Background: Clinical prediction rules do not incorporate real-time incidence data to adjust estimates of disease risk in symptomatic patients.
Objective: To measure the value of integrating local incidence data into a clinical decision rule for diagnosing group A streptococcal (GAS) pharyngitis in patients aged 15 years or older.
Design: Retrospective analysis of clinical and biosurveillance predictors of GAS pharyngitis.
Setting: Large U.S.-based retail health chain.
Patients: 82 062 patient visits for pharyngitis.
Measurements: Accuracy of the Centor score was compared with that of a biosurveillance-responsive score, which was essentially an adjusted Centor score based on real-time GAS pharyngitis information from the 14 days before a patient's visit: the recent local proportion positive (RLPP).
Results: Increased RLPP correlated with the likelihood of GAS pharyngitis (r2 = 0.79; P < 0.001).
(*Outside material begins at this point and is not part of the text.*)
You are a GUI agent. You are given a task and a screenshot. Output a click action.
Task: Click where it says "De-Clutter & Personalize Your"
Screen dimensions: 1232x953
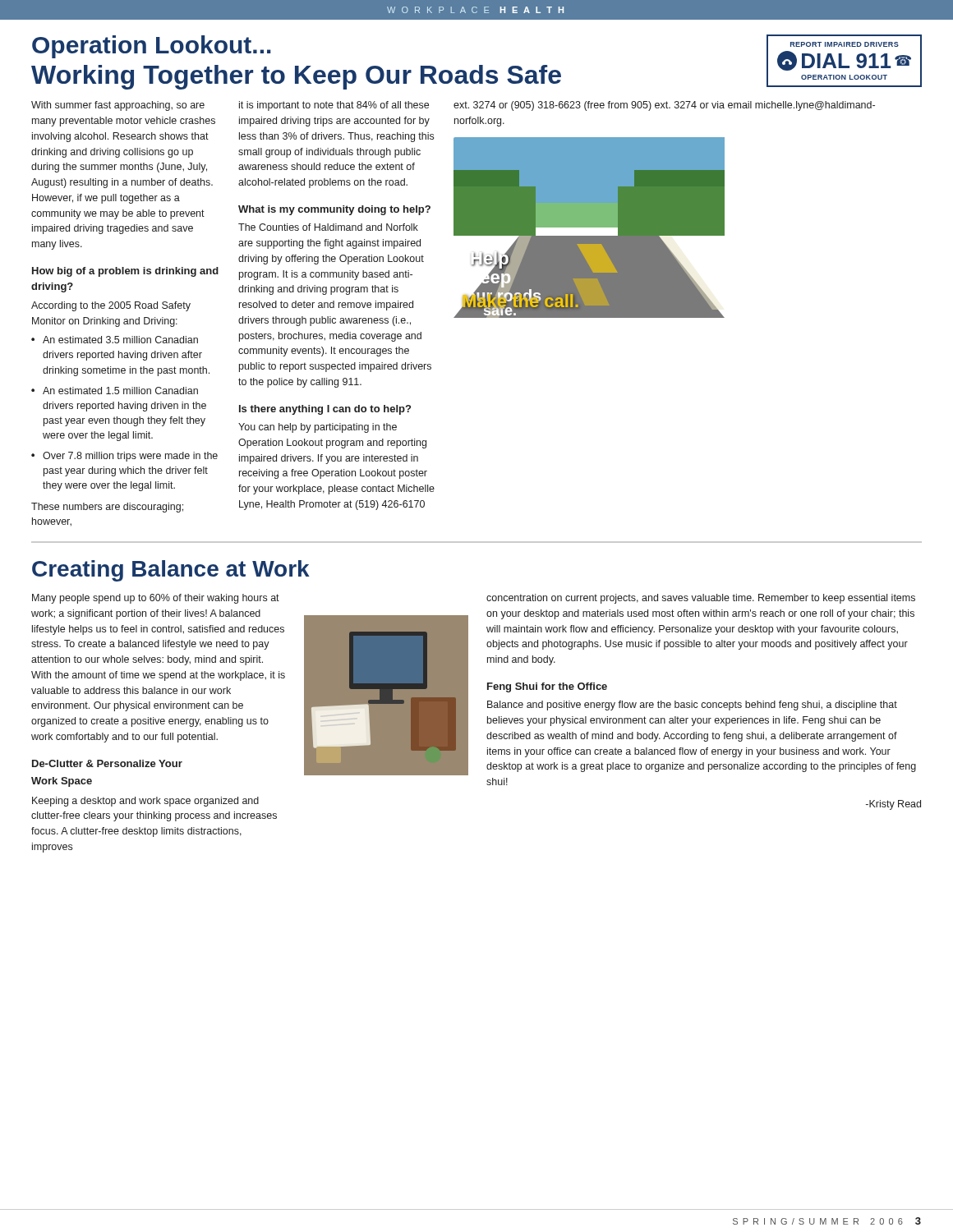pyautogui.click(x=107, y=763)

Local incidence data enhanced diagnostic models. For example, when the RLPP was greater than 0.30, managing patients with Centor scores of 1 as if the scores were 2 would identify 62 537 previously missed patients annually while misclassifying 18 446 patients without GAS pharyngitis. Decreasing the score of patients with Centor values of 3 by 1 point for an RLPP less than 0.20 would spare unnecessary antibiotics for 166 616 patients while missing 18 812 true-positive cases.
Limitations: Analyses were conducted retrospectively. Real-time regional data on GAS pharyngitis are generally not yet available to clinicians.
Conclusion: Incorporating live biosurveillance data into clinical guidelines for GAS pharyngitis and other communicable diseases should be considered for reducing missed cases when the contemporaneous incidence is elevated and for sparing unnecessary antibiotics when the contemporaneous incidence is low. Delivering epidemiologic data to the point of care will enable the use of real-time pretest probabilities in medical decision making.
Primary Funding Source: Centers for Disease Control and Prevention and the National Library of Medicine, National Institutes of Health.